Psychologie

L’intelligence artificielle fascine autant qu’elle inquiète. Son savoir vaste, sa capacité à répondre instantanément, son absence d’hésitation en font un outil précieux. Mais cette machine qui sait sans faille, sans fatigue ni doute, n’est pas neutre dans l’imaginaire psychique. Elle devient, pour certain(e)s, une sorte de double idéalisé, une projection technologique de ce que l’on aimerait être : infaillible, constant, dépourvu d’affects. L’IA, en tant qu’extension froide de soi, vient incarner un idéal de maîtrise qui évacue la part vulnérable du sujet pensant.

Un savoir sans corps ni subjectivité

Ce que l’IA propose, ce n’est pas seulement de l’information, mais une forme de pure connaissance, détachée de l’histoire, du contexte ou du trouble. Ce savoir froid, disponible à volonté, sans émotion ni doute, active un idéal très ancien : celui d’un savoir absolu, sans faille. Ce fantasme, que l’on retrouve déjà dans certaines formes d’excellence scolaire, est ici technicisé. Il s’agit moins de comprendre que de maîtriser, moins de penser que de disposer. Ce que la machine reflète alors, c’est une aspiration à ne plus dépendre du corps, du temps, de la mémoire vacillante. L’IA devient l’incarnation d’un savoir délivré de l’humain. Ce miroir glacé peut séduire autant qu’il anesthésie.

L’exemple de Claire : s’effacer derrière l’intelligence de la machine

Claire, 36 ans, travaille dans un cabinet de conseil en stratégie. Depuis l’introduction d’une IA dans ses outils de travail, elle a progressivement délégué la recherche documentaire, les premiers drafts de présentation, voire certaines analyses. “L’IA est plus rapide, plus fluide, plus fiable”, dit-elle, presque soulagée. Mais en séance de supervision, elle évoque une gêne : elle n’ose plus proposer spontanément une intuition, une hypothèse brute. Tout ce qui n’est pas déjà validé, modélisé ou vérifiable par l’IA lui paraît suspect. Elle se surprend à vérifier ses propres formulations, à douter de sa pensée vive. À force de s’appuyer sur ce double idéalisé, elle se désengage de sa propre subjectivité. Ce qu’elle évite n’est pas l’erreur, mais le risque d’une parole habitée, faillible, humaine. Derrière la précision technique se dessine une peur ancienne : celle d’être jugée insuffisante dès qu’elle pense seule.

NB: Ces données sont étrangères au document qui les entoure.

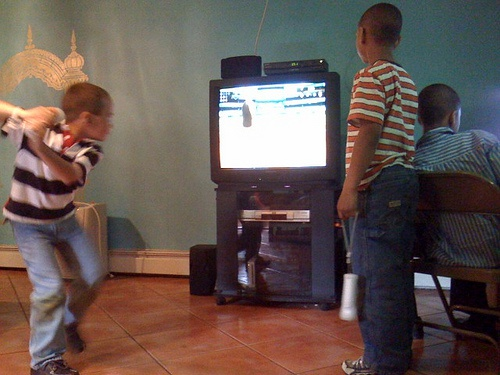Describe the objects in this image and their specific colors. I can see people in gray, black, and maroon tones, people in gray, maroon, black, and darkgray tones, tv in gray, white, and black tones, people in gray, black, and blue tones, and chair in gray, black, maroon, and darkgray tones in this image. 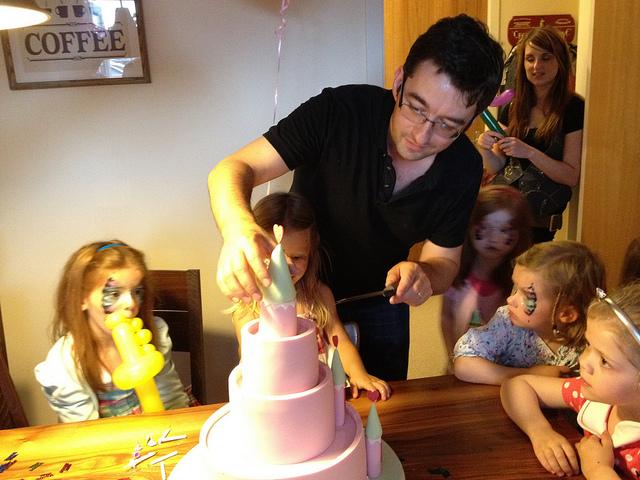Is this a wedding party?
Be succinct. No. What color is the cake?
Quick response, please. Pink. How many men are in this picture?
Concise answer only. 1. How many kids in the picture?
Answer briefly. 5. 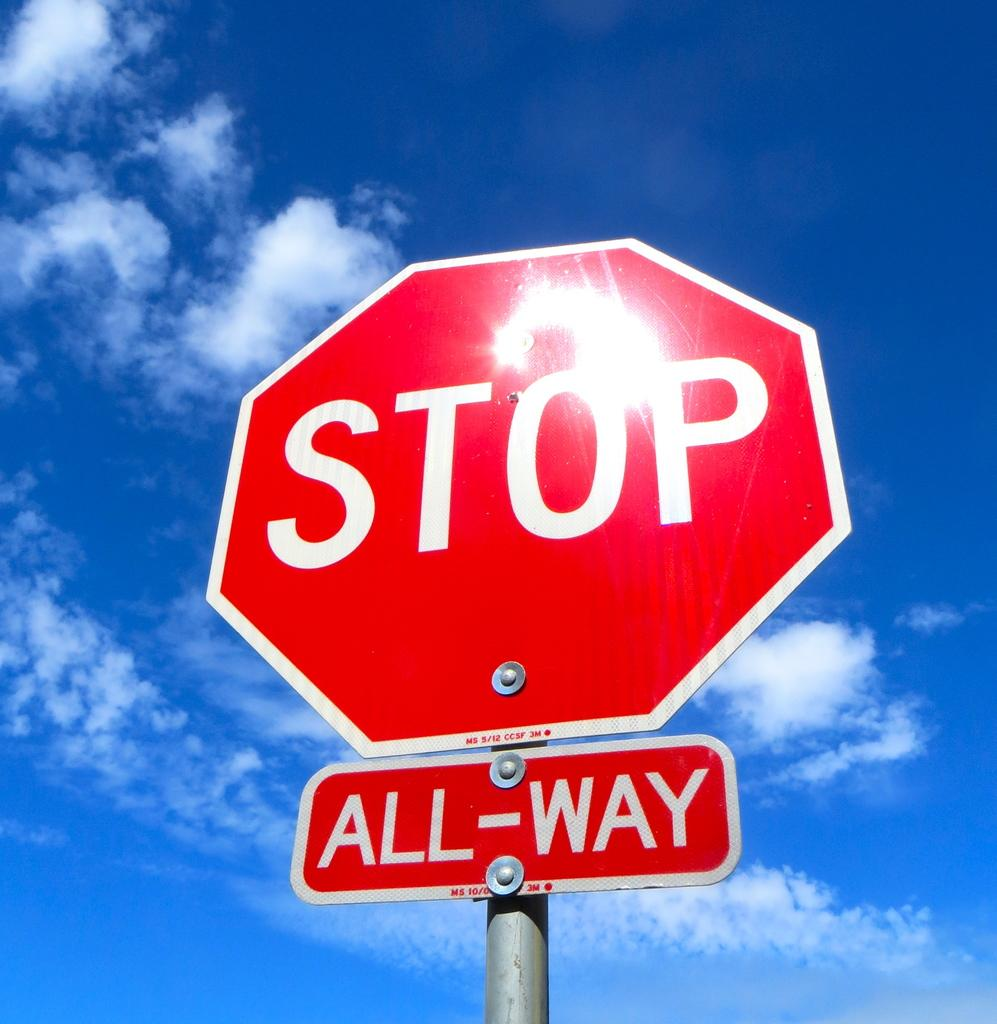Provide a one-sentence caption for the provided image. A red stop sign with an All-Way bellow the sign in front of a blue sky. 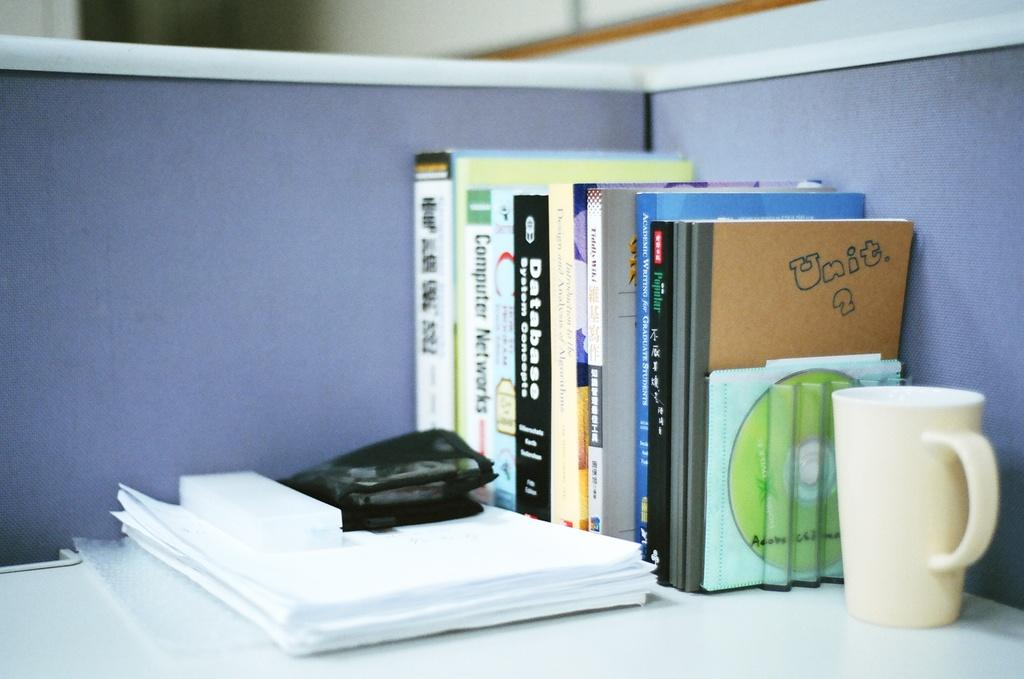What type of objects can be seen on the table in the image? There are books, a mug, and papers on the table in the image. What might be used for holding a beverage in the image? There is a mug in the image that could be used for holding a beverage. What other items are present on the table besides the mug? There are books and papers on the table in the image. What can be seen in the background of the image? There is a violet partition in the background of the image. How many times does the person in the image bite their lip? There is no person visible in the image, so it is impossible to determine how many times they might bite their lip.

Rétablir la valeur du savoir incarné

L’illusion d’un savoir désaffectivé, stable, universel, masque une dépréciation progressive de la pensée située. Ce que la machine ne saura jamais, c’est ce que nous savons malgré nous, avec nous, à travers nos manques. La pensée humaine n’est pas une base de données, mais une élaboration, faite de silences, d’intuitions, de digressions. En glorifiant un savoir technique et fluide, on dévalorise la parole hésitante, lente, contextuelle. Il est urgent de réhabiliter cette forme d’intelligence incarnée, qui ne cherche pas seulement à répondre, mais à comprendre. L’IA ne doit pas devenir un modèle, encore moins une norme. Elle peut aider, mais elle ne pense pas. Ce qui continue à nous constituer comme sujets, c’est précisément ce que la machine ne peut absorber : la faille, l’ambivalence, la parole risquée.